- _GIVEN INFORMATION_

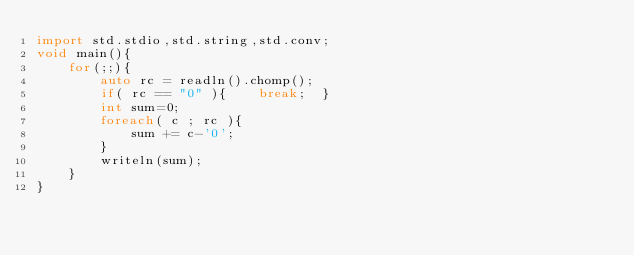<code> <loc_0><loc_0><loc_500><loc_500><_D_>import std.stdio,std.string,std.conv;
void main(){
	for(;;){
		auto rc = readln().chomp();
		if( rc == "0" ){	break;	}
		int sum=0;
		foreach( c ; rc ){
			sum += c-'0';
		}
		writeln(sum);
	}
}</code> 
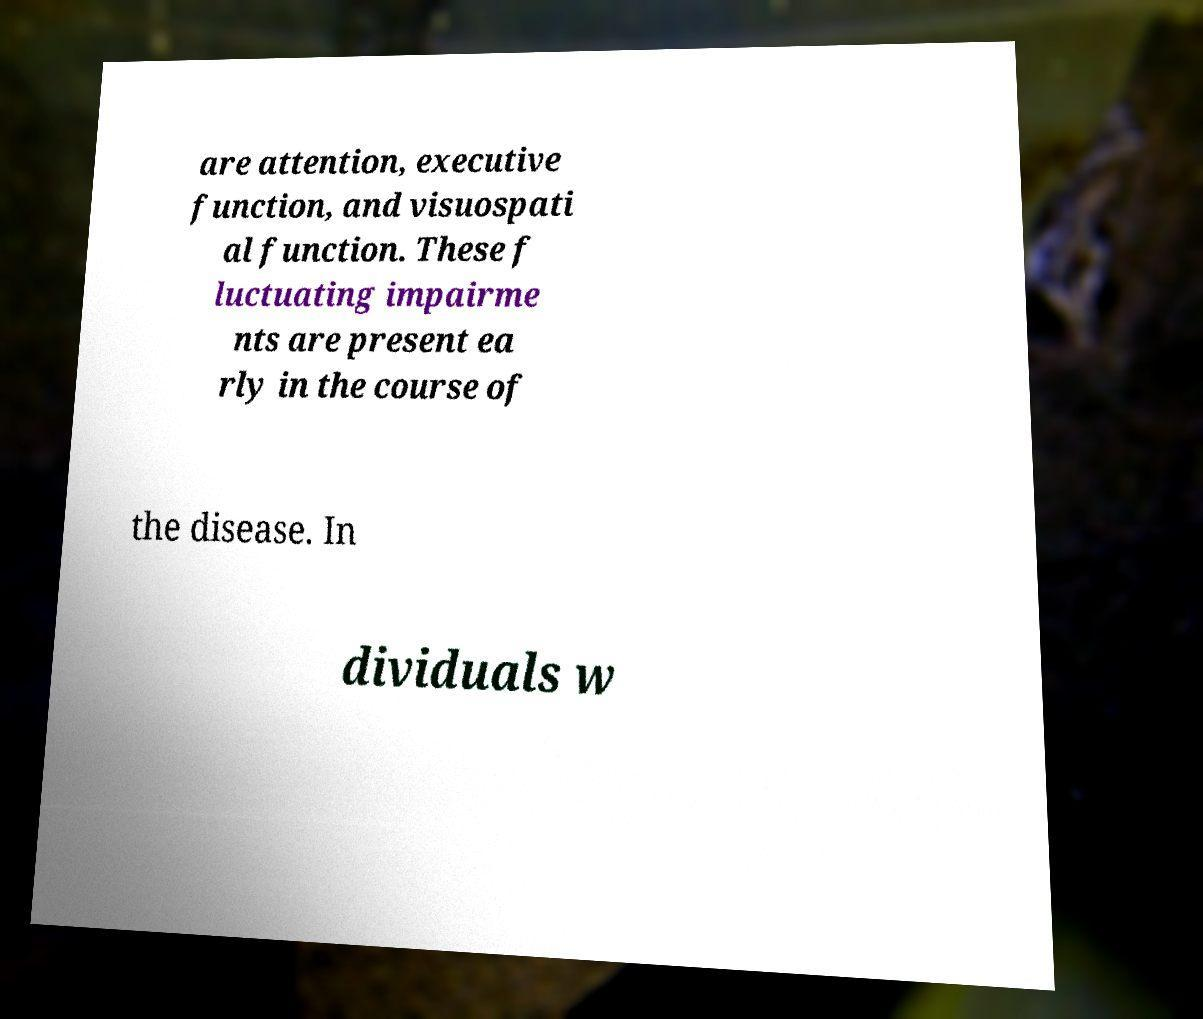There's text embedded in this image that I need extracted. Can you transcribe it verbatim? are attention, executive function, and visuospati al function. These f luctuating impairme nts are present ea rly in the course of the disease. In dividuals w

--

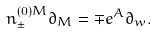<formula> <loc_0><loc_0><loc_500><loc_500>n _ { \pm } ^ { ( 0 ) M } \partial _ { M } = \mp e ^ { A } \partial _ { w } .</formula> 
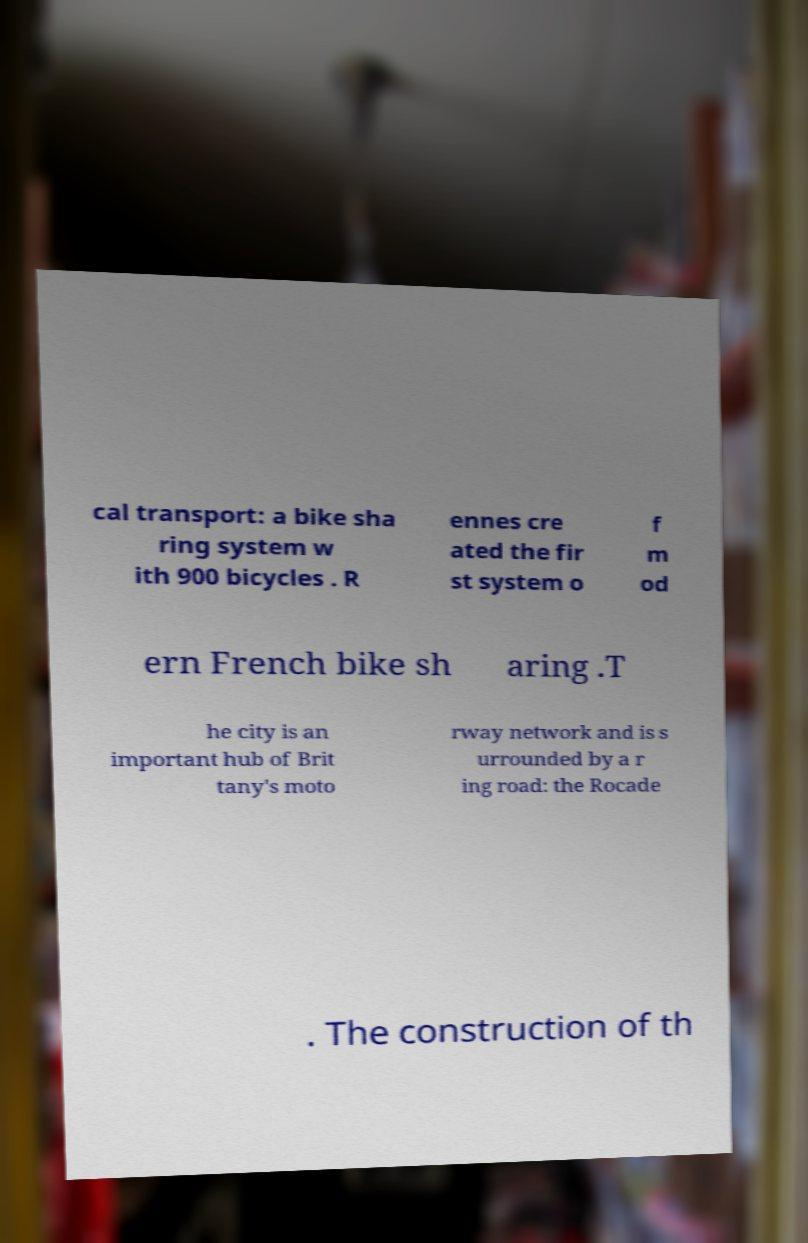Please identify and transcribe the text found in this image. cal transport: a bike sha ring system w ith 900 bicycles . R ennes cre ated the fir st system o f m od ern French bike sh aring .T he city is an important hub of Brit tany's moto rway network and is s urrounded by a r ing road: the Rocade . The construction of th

- _INSTRUCTIONS FOR THE TASK_
Using the entries above, extract exactly the lines from the one that contains "sum += c-'0';" through the one that contains "There's text embedded". Do not carry over any pictures.

- _TASK RESULT_
			sum += c-'0';
		}
		writeln(sum);
	}
}</code> 
There's text embedded in this image that I need extracted. Can you transcribe it verbatim? are attention, executive function, and visuospati al function. These f luctuating impairme nts are present ea rly in the course of the disease. In dividuals w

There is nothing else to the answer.